Rita Andreas: Drakenstein Municipality: Rural Development
Rita was born and brought up on the farm, beginning adult life as a general worker in the vineyards. But she soon worked her way into the office and became Personnel Manager is 2003. She was the founding chairperson of the Adama Workers Trust but now works at the Drakenstein Municipality where she involves herself in a whole host of community projects on the farms and in the wider community as a mentor and project manager

Natasha Williams: Junior Winemaker
Natasha received her B Sc. Oenology and Viticulture cum laude from Stellenbosch in 2013. She joined the Bosman cellar in 2014, working under Corlea Fourie, Head of Wine and Viticulture.

Mariaan Samuels: Tunnel Manager
Mariaan spent several years managing the chemical store at the nursery before taking over the management of the vine propagation tunnels. She grew up on the farm as her parents are also employed there.

Ruth Faro: Chemical store manager and Youth Mentor
Ruth originally wanted to become a social worker and so studied People-Centred Community Development through UNISA. She was then selected for the work readiness programme presented by the Pinotage Youth Development Academy, an NGO which focusses on skills capacity development within the wine industry. After that she completed the Skills Fusion programme facilitated by VinPro where she learnt about Plant Production amongst other wine industry skills.

She has taken over management of the chemical store at the nursery, but also spends time mentoring the younger workers. So inspired was she with what she learnt at the Pinotage Academy that she is paying it forward as a mentor for the new students of 2017 and serves on the alumni committee.

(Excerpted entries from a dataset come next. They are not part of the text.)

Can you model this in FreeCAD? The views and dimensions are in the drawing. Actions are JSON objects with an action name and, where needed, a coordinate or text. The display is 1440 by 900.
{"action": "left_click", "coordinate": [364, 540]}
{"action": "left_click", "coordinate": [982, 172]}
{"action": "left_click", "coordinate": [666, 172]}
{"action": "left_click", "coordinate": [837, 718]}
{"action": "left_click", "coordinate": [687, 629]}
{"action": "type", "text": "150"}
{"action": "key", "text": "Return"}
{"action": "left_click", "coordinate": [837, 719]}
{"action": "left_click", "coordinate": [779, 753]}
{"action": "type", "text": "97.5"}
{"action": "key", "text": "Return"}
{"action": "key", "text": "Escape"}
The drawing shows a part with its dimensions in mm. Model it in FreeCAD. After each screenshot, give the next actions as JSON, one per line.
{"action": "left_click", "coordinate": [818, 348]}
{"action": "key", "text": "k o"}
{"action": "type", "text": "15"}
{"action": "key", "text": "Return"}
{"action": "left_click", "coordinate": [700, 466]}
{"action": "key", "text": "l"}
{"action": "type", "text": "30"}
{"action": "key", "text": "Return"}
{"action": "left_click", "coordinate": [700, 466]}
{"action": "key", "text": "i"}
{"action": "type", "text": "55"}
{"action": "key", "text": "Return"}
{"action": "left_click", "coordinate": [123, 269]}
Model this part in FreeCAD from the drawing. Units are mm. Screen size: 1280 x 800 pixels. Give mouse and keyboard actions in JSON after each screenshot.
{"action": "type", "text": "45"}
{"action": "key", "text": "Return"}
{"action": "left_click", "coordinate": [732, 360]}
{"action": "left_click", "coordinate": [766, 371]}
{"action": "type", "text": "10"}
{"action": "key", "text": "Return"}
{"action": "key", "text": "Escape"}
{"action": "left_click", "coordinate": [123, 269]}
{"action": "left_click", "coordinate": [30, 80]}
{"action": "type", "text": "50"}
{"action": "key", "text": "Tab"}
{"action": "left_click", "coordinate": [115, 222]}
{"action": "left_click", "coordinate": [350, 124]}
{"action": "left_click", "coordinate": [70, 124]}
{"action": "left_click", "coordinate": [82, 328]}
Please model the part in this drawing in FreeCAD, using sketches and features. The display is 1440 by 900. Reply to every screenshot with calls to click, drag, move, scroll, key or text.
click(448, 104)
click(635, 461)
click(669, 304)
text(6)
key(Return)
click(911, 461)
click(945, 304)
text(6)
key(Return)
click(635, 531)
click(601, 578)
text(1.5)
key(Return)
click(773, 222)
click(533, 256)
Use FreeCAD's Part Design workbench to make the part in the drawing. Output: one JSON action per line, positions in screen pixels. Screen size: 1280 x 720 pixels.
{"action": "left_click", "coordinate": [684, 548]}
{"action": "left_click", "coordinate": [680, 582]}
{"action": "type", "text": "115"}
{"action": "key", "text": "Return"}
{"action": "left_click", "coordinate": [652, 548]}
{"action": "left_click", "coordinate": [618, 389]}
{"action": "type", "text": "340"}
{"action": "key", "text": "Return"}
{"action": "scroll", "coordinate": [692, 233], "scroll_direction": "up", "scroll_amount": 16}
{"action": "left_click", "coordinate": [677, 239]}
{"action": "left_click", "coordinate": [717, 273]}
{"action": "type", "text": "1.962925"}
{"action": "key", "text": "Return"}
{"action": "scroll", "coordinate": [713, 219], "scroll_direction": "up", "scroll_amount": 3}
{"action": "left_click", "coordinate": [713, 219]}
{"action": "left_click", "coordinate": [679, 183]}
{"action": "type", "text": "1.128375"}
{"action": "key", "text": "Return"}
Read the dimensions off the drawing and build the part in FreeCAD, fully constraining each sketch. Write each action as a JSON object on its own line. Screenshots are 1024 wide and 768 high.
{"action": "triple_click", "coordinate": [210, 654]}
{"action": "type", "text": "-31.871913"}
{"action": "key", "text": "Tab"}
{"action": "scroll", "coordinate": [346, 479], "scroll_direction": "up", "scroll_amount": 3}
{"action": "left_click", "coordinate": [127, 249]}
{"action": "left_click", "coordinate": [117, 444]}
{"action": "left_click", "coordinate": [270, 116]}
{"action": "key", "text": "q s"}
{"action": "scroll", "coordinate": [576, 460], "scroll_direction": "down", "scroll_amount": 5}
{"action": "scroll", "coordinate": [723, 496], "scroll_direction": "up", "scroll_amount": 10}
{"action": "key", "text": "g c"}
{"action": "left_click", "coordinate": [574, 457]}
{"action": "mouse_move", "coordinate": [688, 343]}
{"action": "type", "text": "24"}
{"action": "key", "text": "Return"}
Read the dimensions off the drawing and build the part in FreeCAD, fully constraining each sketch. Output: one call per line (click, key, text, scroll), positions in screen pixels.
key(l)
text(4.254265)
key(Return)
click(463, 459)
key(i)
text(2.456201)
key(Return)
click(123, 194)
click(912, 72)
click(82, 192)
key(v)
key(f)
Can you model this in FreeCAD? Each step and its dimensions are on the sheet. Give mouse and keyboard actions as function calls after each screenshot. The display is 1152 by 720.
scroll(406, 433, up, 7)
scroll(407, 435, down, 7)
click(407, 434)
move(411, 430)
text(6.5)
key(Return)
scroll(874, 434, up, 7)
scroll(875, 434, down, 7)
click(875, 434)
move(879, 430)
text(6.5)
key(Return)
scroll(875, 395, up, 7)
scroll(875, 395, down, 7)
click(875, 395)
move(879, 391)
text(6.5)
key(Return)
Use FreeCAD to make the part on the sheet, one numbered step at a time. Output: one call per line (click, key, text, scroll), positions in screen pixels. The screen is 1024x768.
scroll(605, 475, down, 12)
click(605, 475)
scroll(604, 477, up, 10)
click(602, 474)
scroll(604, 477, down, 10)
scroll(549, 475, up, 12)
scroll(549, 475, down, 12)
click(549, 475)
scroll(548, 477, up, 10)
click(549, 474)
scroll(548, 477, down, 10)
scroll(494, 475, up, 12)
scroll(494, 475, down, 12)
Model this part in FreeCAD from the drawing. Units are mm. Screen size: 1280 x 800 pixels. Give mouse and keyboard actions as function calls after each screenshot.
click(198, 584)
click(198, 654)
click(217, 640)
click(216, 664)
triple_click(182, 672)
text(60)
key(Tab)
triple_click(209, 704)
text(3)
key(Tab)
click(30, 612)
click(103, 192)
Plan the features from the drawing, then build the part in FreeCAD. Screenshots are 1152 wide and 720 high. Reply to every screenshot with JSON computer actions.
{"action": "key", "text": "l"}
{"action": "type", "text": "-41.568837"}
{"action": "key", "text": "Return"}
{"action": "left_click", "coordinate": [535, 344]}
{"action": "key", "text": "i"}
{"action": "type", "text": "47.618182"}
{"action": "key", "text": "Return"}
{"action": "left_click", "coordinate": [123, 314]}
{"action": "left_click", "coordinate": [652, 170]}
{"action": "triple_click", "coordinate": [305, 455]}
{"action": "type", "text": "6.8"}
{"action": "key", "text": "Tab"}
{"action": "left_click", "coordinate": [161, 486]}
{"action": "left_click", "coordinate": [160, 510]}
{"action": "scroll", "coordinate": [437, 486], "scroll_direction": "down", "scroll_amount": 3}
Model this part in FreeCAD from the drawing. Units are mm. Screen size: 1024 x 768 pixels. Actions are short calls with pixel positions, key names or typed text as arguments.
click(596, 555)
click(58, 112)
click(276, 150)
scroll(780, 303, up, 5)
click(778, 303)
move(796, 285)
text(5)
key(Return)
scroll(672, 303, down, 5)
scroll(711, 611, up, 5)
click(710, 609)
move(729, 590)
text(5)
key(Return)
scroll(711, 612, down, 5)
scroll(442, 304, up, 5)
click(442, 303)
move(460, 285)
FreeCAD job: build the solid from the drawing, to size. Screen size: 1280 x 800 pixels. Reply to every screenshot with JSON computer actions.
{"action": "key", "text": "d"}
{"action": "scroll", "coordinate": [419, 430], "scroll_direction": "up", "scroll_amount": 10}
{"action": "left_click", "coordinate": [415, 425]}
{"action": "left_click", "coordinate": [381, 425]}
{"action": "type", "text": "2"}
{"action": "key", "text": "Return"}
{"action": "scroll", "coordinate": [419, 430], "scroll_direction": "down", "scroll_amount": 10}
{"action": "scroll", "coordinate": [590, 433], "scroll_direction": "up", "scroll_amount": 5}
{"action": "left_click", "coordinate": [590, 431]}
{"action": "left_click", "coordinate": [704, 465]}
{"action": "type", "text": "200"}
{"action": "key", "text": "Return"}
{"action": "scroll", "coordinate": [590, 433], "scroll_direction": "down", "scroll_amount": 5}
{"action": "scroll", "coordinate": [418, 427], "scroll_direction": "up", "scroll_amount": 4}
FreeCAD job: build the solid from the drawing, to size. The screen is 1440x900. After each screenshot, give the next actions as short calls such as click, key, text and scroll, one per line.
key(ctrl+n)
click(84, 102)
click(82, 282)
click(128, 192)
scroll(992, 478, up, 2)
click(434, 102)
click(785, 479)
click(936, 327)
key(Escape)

Vytjie April: Adama Nursery School Principal
Long before Fairtrade, Fytjie ran a crèche on the farm for the workers’ children, pretty much free of charge. She found space in an abandoned parsonage next door to the primary school and looked after about 18 children every day while their parents (and her husband) worked on the farm. 

Fairtrade premiums allowed this informal child-minding group to be expanded into a fully-fledged pre-school with four classes and eight trained teachers in the renovated parsonage which now also houses a clinic, an office for a social worker and a computer centre for the older children to use after school.